My daughter, ever polite at age ten, stuck her hand out and shook first with Mitch and then with Karen. Then she nodded and smiled at me. Sue has two dimples just like my sister did. Mine are lop-sided, a dimple on the right and just a line on the left. The perfect dimples I missed out on had appeared on my daughter’s face.

As I bent down to straighten Sue’s pony tail, I caught the look in Mitch’s brown eyes, which were wide open and full of sadness. He no longer had his arm around Karen--he’d had to let go to shake my daughter’s hand.

“Do you mind if we go down to Linda’s house now?” Karen said. “She’s been waiting for us all morning.”

“Oh, of course,” Mitch said, putting his arm back around her. “We’ll talk later,” he said to me as he walked away.


Sue and I went into the garage to get her bicycle, decorated with pink and white streamers for the parade. On the pink wicker basket hanging from the handlebars were the stick-on seals of Japanese cartoon characters that I’d sent her from Tokyo last December. The kids’ parade was supposed to start at noon, shortly before the food would be served in the tents. We had about fifteen minutes.

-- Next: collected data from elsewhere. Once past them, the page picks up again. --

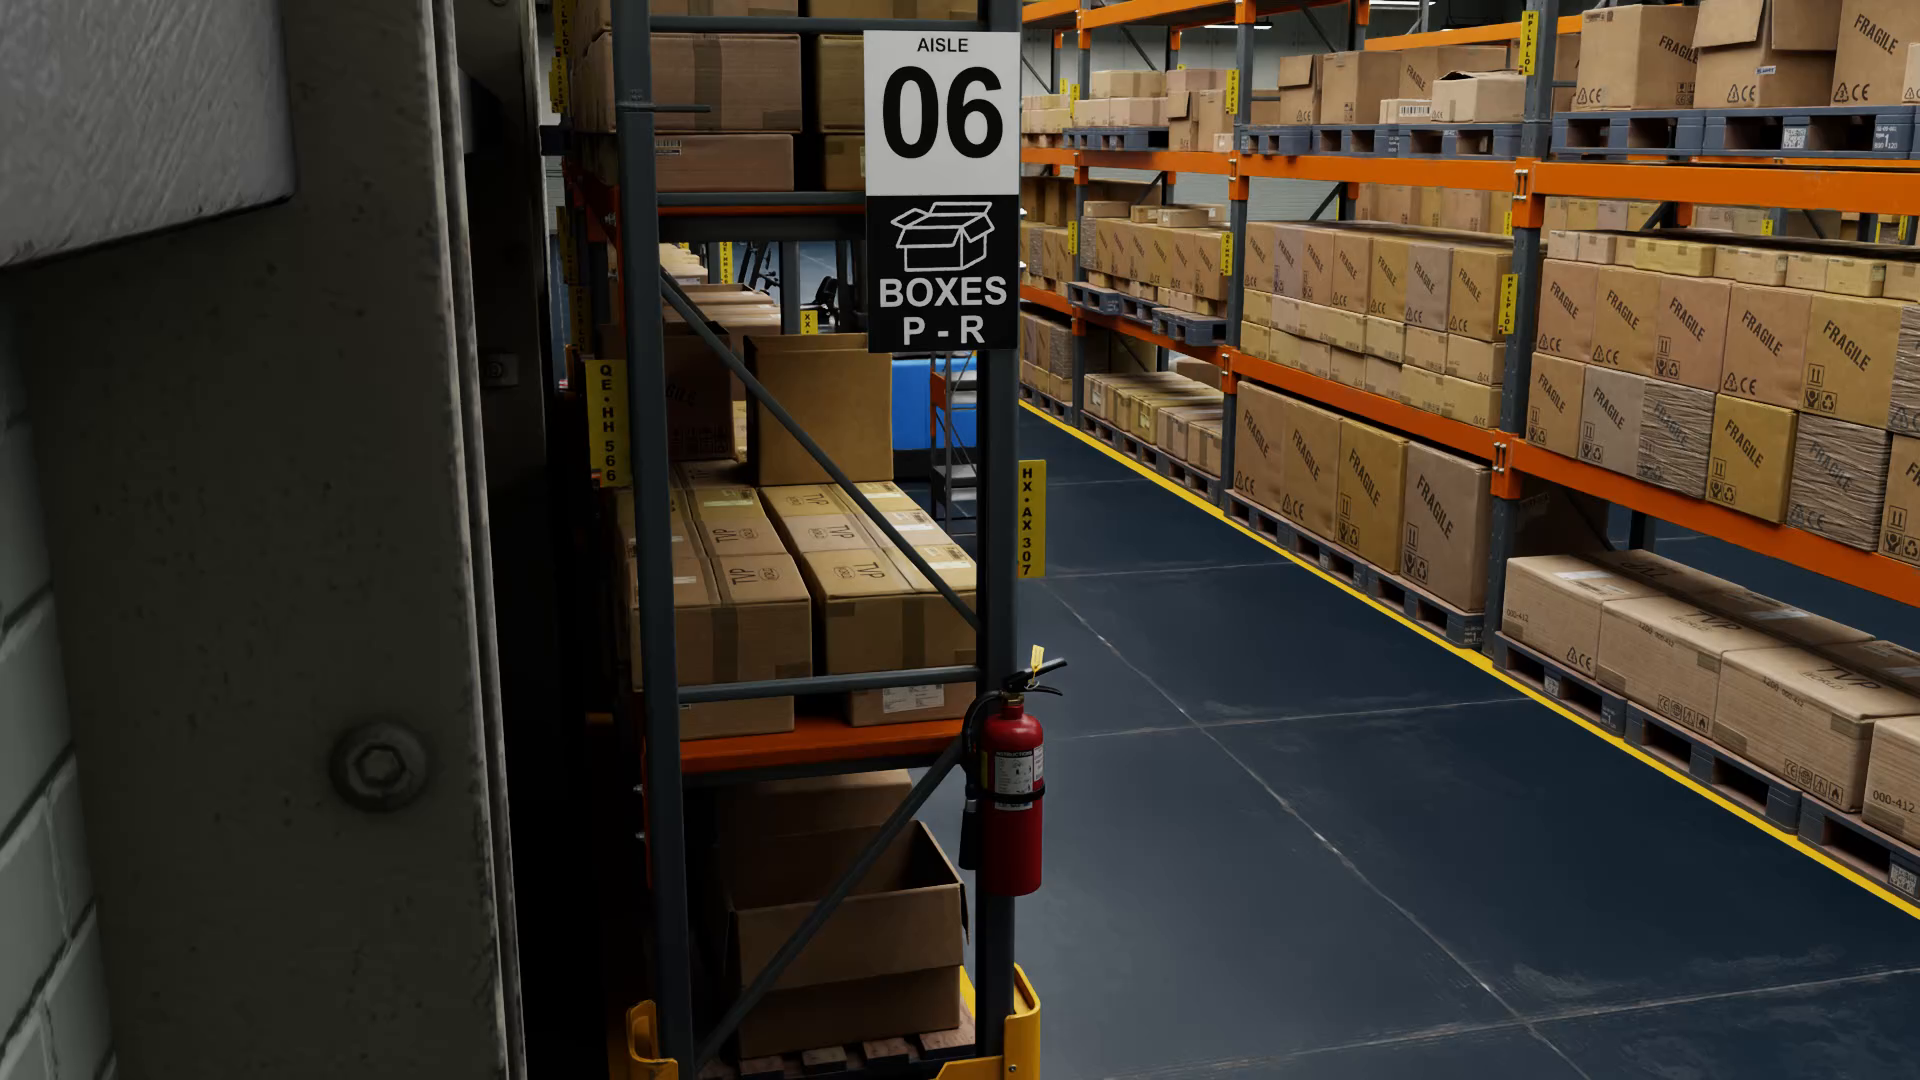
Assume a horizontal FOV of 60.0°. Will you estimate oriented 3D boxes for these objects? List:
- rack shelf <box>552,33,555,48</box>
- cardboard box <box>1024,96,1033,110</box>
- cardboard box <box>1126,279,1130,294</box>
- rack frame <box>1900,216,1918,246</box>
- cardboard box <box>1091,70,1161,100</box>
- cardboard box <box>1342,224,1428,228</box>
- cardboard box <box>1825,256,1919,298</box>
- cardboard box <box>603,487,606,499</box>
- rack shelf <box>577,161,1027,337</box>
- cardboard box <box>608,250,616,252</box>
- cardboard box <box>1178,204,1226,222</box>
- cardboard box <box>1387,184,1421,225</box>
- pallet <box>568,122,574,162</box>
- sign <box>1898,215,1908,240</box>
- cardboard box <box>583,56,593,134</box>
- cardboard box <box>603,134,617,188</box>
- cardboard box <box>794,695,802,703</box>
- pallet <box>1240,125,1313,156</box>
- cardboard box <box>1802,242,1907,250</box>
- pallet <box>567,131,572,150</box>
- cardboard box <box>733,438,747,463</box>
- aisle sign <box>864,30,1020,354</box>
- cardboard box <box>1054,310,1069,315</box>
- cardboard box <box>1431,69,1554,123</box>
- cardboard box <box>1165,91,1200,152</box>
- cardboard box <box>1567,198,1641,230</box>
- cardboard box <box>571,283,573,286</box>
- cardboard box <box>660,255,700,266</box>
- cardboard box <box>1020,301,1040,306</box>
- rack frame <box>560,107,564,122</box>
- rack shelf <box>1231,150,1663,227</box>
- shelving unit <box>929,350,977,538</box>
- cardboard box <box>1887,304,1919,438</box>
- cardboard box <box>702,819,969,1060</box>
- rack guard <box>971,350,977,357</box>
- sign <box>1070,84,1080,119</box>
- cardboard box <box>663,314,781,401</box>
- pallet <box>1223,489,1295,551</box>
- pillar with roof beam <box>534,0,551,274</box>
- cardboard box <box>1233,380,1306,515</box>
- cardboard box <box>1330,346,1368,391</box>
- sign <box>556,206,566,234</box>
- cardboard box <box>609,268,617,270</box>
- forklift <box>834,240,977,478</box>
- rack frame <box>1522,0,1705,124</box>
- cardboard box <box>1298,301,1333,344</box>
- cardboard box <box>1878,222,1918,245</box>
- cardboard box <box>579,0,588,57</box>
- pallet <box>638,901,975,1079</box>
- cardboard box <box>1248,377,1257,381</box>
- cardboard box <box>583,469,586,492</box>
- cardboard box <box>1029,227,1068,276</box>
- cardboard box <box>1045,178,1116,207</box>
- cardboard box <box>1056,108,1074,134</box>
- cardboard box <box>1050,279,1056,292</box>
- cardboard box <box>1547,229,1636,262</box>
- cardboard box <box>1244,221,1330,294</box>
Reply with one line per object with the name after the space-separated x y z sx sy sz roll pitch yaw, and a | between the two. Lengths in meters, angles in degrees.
-3.632 -5.205 17.128 1.077 0.370 4.000 -3 14 -13 | rack shelf
0.918 -4.786 18.226 0.380 0.149 0.250 -3 14 -12 | cardboard box
1.751 -2.349 15.366 0.380 0.149 0.250 -3 14 -13 | cardboard box
11.294 -3.203 19.216 1.000 3.000 0.127 -3 14 -13 | rack frame
1.536 -4.210 15.396 0.500 0.250 0.500 -4 14 -14 | cardboard box
3.105 -2.039 12.136 0.500 0.500 0.500 -3 14 -12 | cardboard box
3.848 -1.094 6.902 0.380 0.149 0.250 -3 14 -12 | cardboard box
-1.305 -0.354 7.246 0.500 0.250 0.500 -3 14 -14 | cardboard box
-0.814 -1.174 6.106 1.077 0.370 4.000 -3 14 -13 | rack shelf
-3.138 -2.463 14.611 0.380 0.149 0.250 -3 14 -14 | cardboard box
2.251 -3.048 15.495 0.380 0.149 0.250 -4 14 -16 | cardboard box
5.778 -4.123 20.393 0.875 0.550 0.550 -3 14 -13 | cardboard box
-1.615 -2.287 9.541 1.213 0.211 1.003 -3 14 -13 | pallet
10.769 -3.591 18.982 0.100 0.325 0.005 -3 14 -13 | sign
-0.958 -1.454 5.429 0.500 0.250 0.500 -4 14 -14 | cardboard box
-0.849 -1.115 4.882 0.380 0.149 0.250 -3 14 -12 | cardboard box
-0.683 0.394 5.023 0.380 0.149 0.250 -3 14 -12 | cardboard box
2.804 -2.947 12.248 1.213 0.211 1.003 -3 14 -11 | pallet
4.161 -1.302 7.753 0.380 0.149 0.250 -4 14 -14 | cardboard box
-2.735 -3.225 13.384 1.003 0.211 1.213 -3 14 -11 | pallet
-0.691 -0.264 6.878 0.500 0.250 0.500 -3 14 -14 | cardboard box
-0.043 -0.868 4.182 0.394 0.787 0.004 -3 14 -13 | aisle sign
1.401 -2.398 19.252 0.500 0.500 0.500 -4 14 -15 | cardboard box
3.129 -2.614 9.790 0.500 0.311 0.500 -3 14 -13 | cardboard box
2.215 -3.585 14.243 0.797 0.503 0.637 -3 14 -13 | cardboard box
6.694 -3.251 17.096 0.700 0.500 0.500 -4 14 -14 | cardboard box
-3.075 -2.176 14.276 0.500 0.250 0.500 -4 14 -15 | cardboard box
-2.400 -2.320 14.026 0.380 0.149 0.250 -4 14 -15 | cardboard box
0.649 -2.599 20.072 0.500 0.500 0.500 -4 14 -15 | cardboard box
-4.102 -6.210 18.884 1.000 3.000 0.127 -3 14 -13 | rack frame
3.071 -2.374 11.019 1.077 0.370 4.000 -3 14 -13 | rack shelf
0.039 -0.982 12.022 0.431 2.100 0.503 -3 14 -13 | shelving unit
3.984 -0.633 6.381 0.500 0.500 0.500 -3 14 -13 | cardboard box
-0.396 1.258 5.333 0.797 0.503 0.637 -4 14 -15 | cardboard box
0.740 -2.341 20.957 1.175 0.500 0.348 -3 14 -13 | rack guard
1.136 -4.327 16.406 0.100 0.325 0.005 -3 14 -13 | sign
-1.180 -0.904 8.711 0.700 0.500 0.500 -3 14 -12 | cardboard box
2.713 -0.187 12.747 1.003 0.211 1.213 -3 14 -13 | pallet
-4.857 -10.391 36.000 9.100 9.000 0.400 -3 14 -13 | pillar with roof beam
2.682 -0.735 12.709 0.875 0.875 0.875 -3 14 -14 | cardboard box
2.846 -1.175 11.233 0.500 0.250 0.500 -3 14 -13 | cardboard box
-4.643 -3.725 19.363 0.100 0.325 0.005 -3 14 -13 | sign
-2.668 -1.995 12.694 0.380 0.149 0.250 -3 14 -13 | cardboard box
-0.619 -2.257 15.488 1.130 2.935 3.031 -3 14 -12 | forklift
3.540 -3.719 8.689 1.000 3.000 0.127 -3 14 -13 | rack frame
2.705 -1.532 11.640 0.500 0.250 0.500 -3 14 -13 | cardboard box
11.249 -3.503 19.608 0.875 0.500 0.500 -3 14 -13 | cardboard box
-0.973 -1.701 5.386 0.500 0.250 0.500 -3 14 -13 | cardboard box
-0.550 1.549 5.643 1.003 0.211 1.213 -3 14 -13 | pallet
3.385 -1.910 17.596 0.500 0.500 0.500 -3 14 -13 | cardboard box
-2.301 -0.213 11.359 0.500 0.500 0.500 -3 14 -13 | cardboard box
1.062 -3.170 18.244 0.500 0.500 0.500 -3 14 -12 | cardboard box
1.386 -3.917 19.196 0.700 0.500 0.500 -3 14 -14 | cardboard box
1.296 -4.266 16.938 0.500 0.250 0.500 -3 14 -14 | cardboard box
1.194 -2.765 17.955 0.380 0.149 0.250 -3 14 -14 | cardboard box
3.362 -1.567 8.836 0.380 0.149 0.250 -3 14 -14 | cardboard box
2.479 -2.134 12.526 0.500 0.500 0.500 -4 14 -15 | cardboard box

“Tommie and Jennifer are wearing their Halloween costumes,” Sue said as she wheeled her bicycle away from the wall.

“But it’s only August. Why do they already have their costumes?”

She shrugged. “They’re wearing last year’s.”

“How do you know?”

“I saw them. I remembered.”

“You have a good memory.” I couldn’t recall what my own children had worn for Halloween last year, a week before I left. “Did you want to wear your costume, too?” I asked. “Maybe we can still find it.”

“Nah,” my daughter shook her head. “That’s okay. I don’t really care.”

She was letting me off the hook. I would never be able to find her costume.

“Are you coming to the parade or what?” she asked me.

Or not,” I corrected her without thinking. I had not wanted to become the kind of mother who nagged her children about grammar. My mother still corrected me over the phone, scolding me for forgetting my Japanese. For years, the only person from home I spoke to every week had been Sumire, and we spoke to each other in English.

“So?” my daughter prompted me.

“Yes, of course,” I told her. “You go on first, though. I’ll be there soon.”

Sue hopped on the bike and rode out of the garage without looking back.


People had moved down to the opposite end of the blocked-off area. My husband was in one of the two tents there, roasting corn on our neighbor’s gas grill. I was supposed to bring him some butter.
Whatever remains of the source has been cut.